Szöllosi Gergely J, Derényi Imre
Eötvös University, Budapest, Hungary.
Mol Biol Evol. 2009 Apr;26(4):867-74. doi: 10.1093/molbev/msp008. Epub 2009 Jan 23.
Genetic robustness, the preservation of an optimal phenotype in the face of mutations, is critical to the understanding of evolution as phenotypically expressed genetic variation is the fuel of natural selection. The origin of genetic robustness, whether it evolves directly by natural selection or it is a correlated byproduct of other phenotypic traits, is, however, unresolved. Examining micro-RNA (miRNA) genes of several eukaryotic species, Borenstein and Ruppin (Borenstein E, Ruppin E. 2006. Direct evolution of genetic robustness in microRNA. Proc Natl Acad Sci USA. 103: 6593) showed that the structure of miRNA precursor stem loops exhibits significantly increased mutational robustness in comparison with a sample of random RNA sequences with the same stem-loop structure. The observed robustness was found to be uncorrelated with traditional measures of environmental robustness-implying that miRNA sequences show evidence of the direct evolution of genetic robustness. These findings are surprising as theoretical results indicate that the direct evolution of robustness requires high mutation rates and/or large effective population sizes only found among RNA viruses, not multicellular eukaryotes. We demonstrate that the sampling method used by Borenstein and Ruppin introduced significant bias that lead to an overestimation of robustness. Introducing a novel measure of environmental robustness based on the equilibrium thermodynamic ensemble of secondary structures of the miRNA precursor sequences, we demonstrate that the biophysics of RNA folding induces a high level of correlation between genetic (mutational) and environmental (thermodynamic) robustness, as expected from the theory of plastogenetic congruence introduced by Ancel and Fontana (Ancel LW, Fontana W. 2000. Plasticity, evolvability, and modularity in RNA. J Exp Zool. 288: 242-283). In light of theoretical considerations, we believe that this correlation strongly suggests that genetic robustness observed in miRNA sequences is the byproduct of selection for environmental robustness.

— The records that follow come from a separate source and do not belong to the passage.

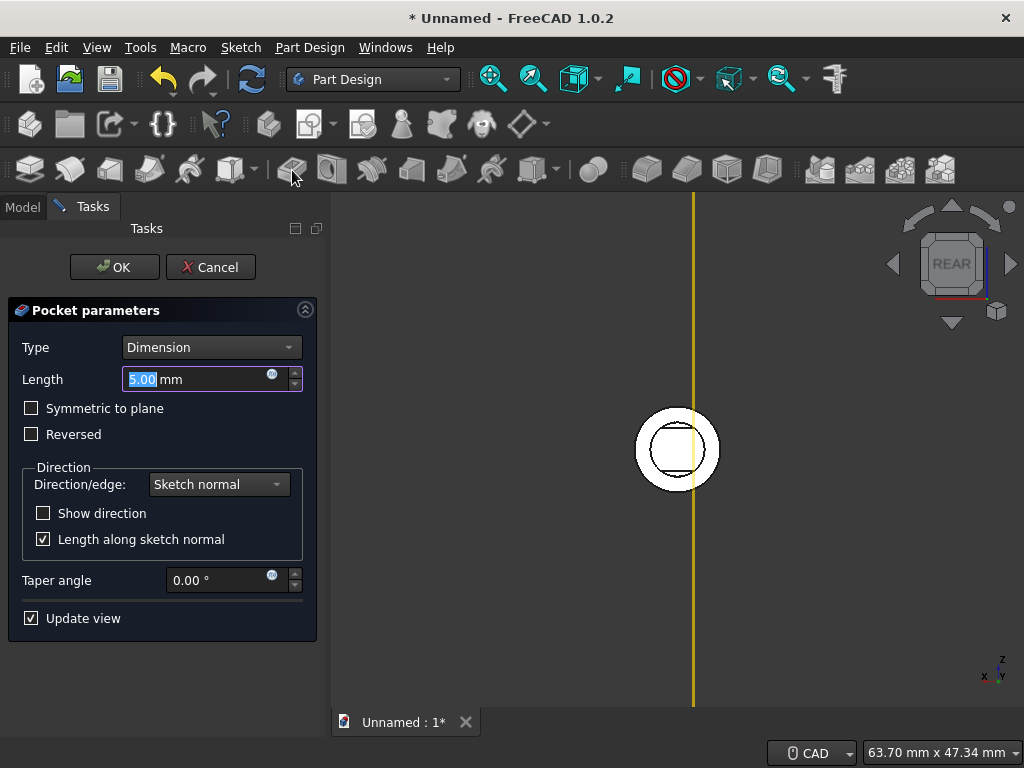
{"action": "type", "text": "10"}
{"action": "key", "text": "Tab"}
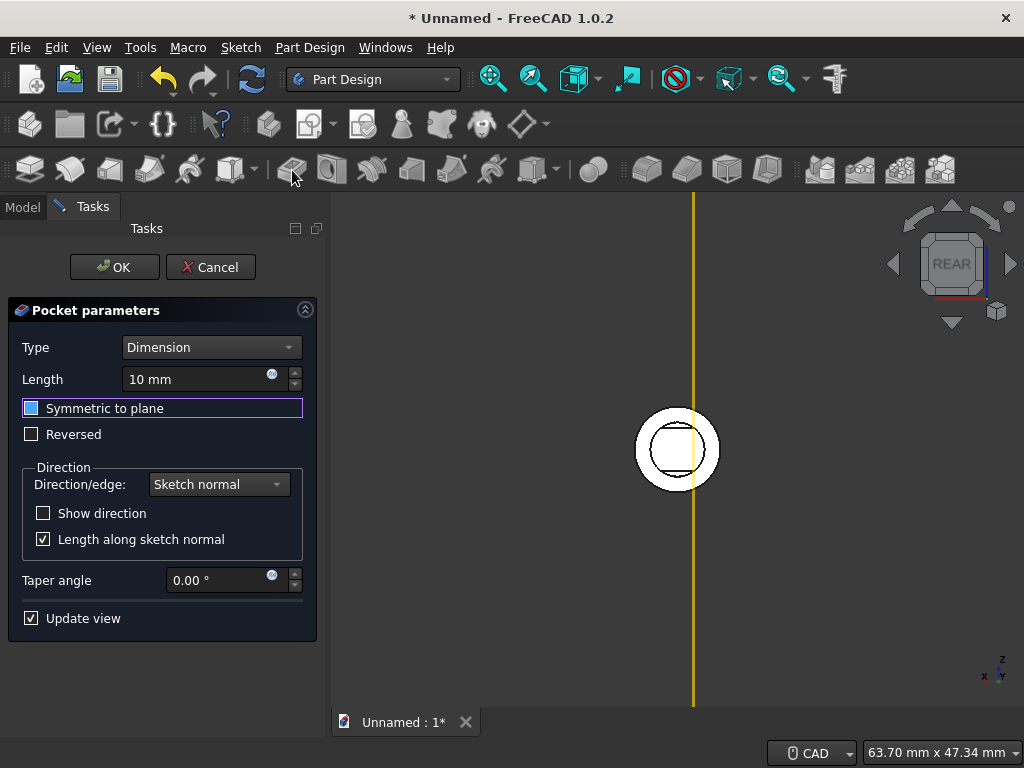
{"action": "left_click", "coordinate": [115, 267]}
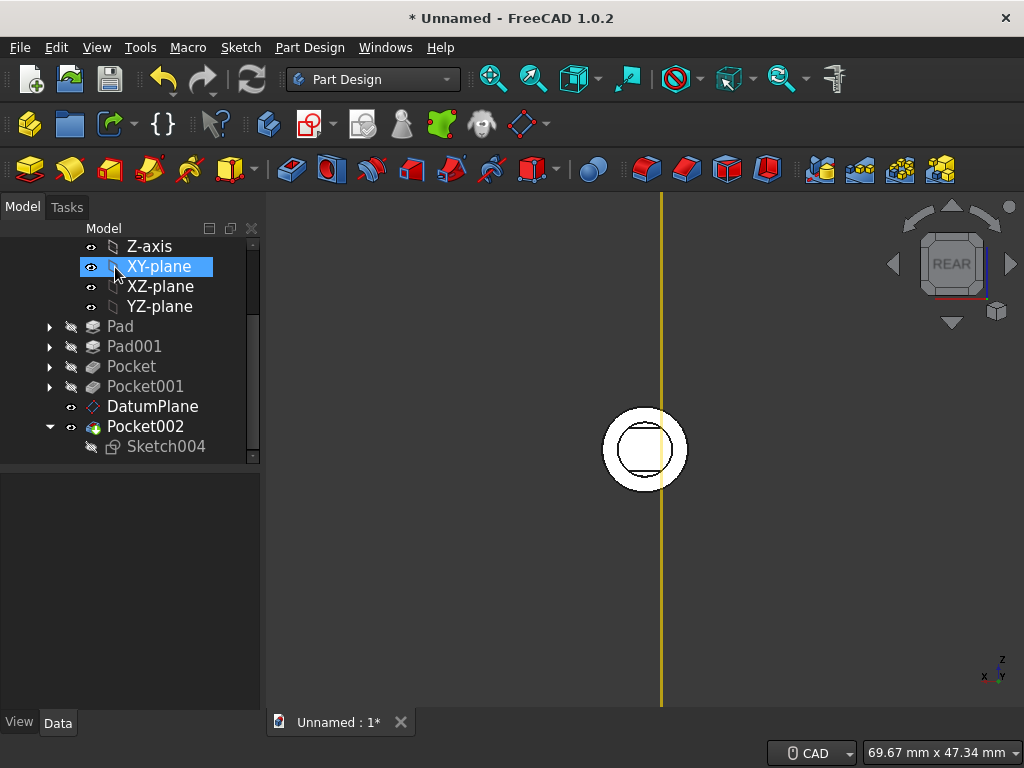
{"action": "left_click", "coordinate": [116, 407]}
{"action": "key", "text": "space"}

遗传稳健性,即在面对突变时对最优表型的维持,对于理解进化至关重要,因为表型表达的遗传变异是自然选择的动力。然而,遗传稳健性的起源,无论是直接通过自然选择进化而来,还是其他表型特征的相关副产品,仍未得到解决。通过研究几种真核生物的微小RNA(miRNA)基因,博伦斯坦和鲁平(博伦斯坦E,鲁平E。2006年。微小RNA中遗传稳健性的直接进化。美国国家科学院院刊。103:6593)表明,与具有相同茎环结构的随机RNA序列样本相比,miRNA前体茎环的结构表现出显著增强的突变稳健性。观察到的稳健性与传统的环境稳健性指标不相关,这意味着miRNA序列显示出遗传稳健性直接进化的证据。这些发现令人惊讶,因为理论结果表明,稳健性的直接进化需要高突变率和/或仅在RNA病毒而非多细胞真核生物中才有的大有效种群规模。我们证明,博伦斯坦和鲁平使用的采样方法引入了显著偏差,导致对稳健性的高估。基于miRNA前体序列二级结构的平衡热力学系综引入一种新的环境稳健性度量方法,我们证明RNA折叠的生物物理学在遗传(突变)稳健性和环境(热力学)稳健性之间诱导了高度相关性,正如安塞尔和丰塔纳提出的塑性遗传一致性理论所预期的那样(安塞尔LW,丰塔纳W。2000年。RNA的可塑性、进化能力和模块化。实验动物学杂志。288:242 - 283)。鉴于理论考量,我们认为这种相关性有力地表明,在miRNA序列中观察到的遗传稳健性是对环境稳健性选择的副产品。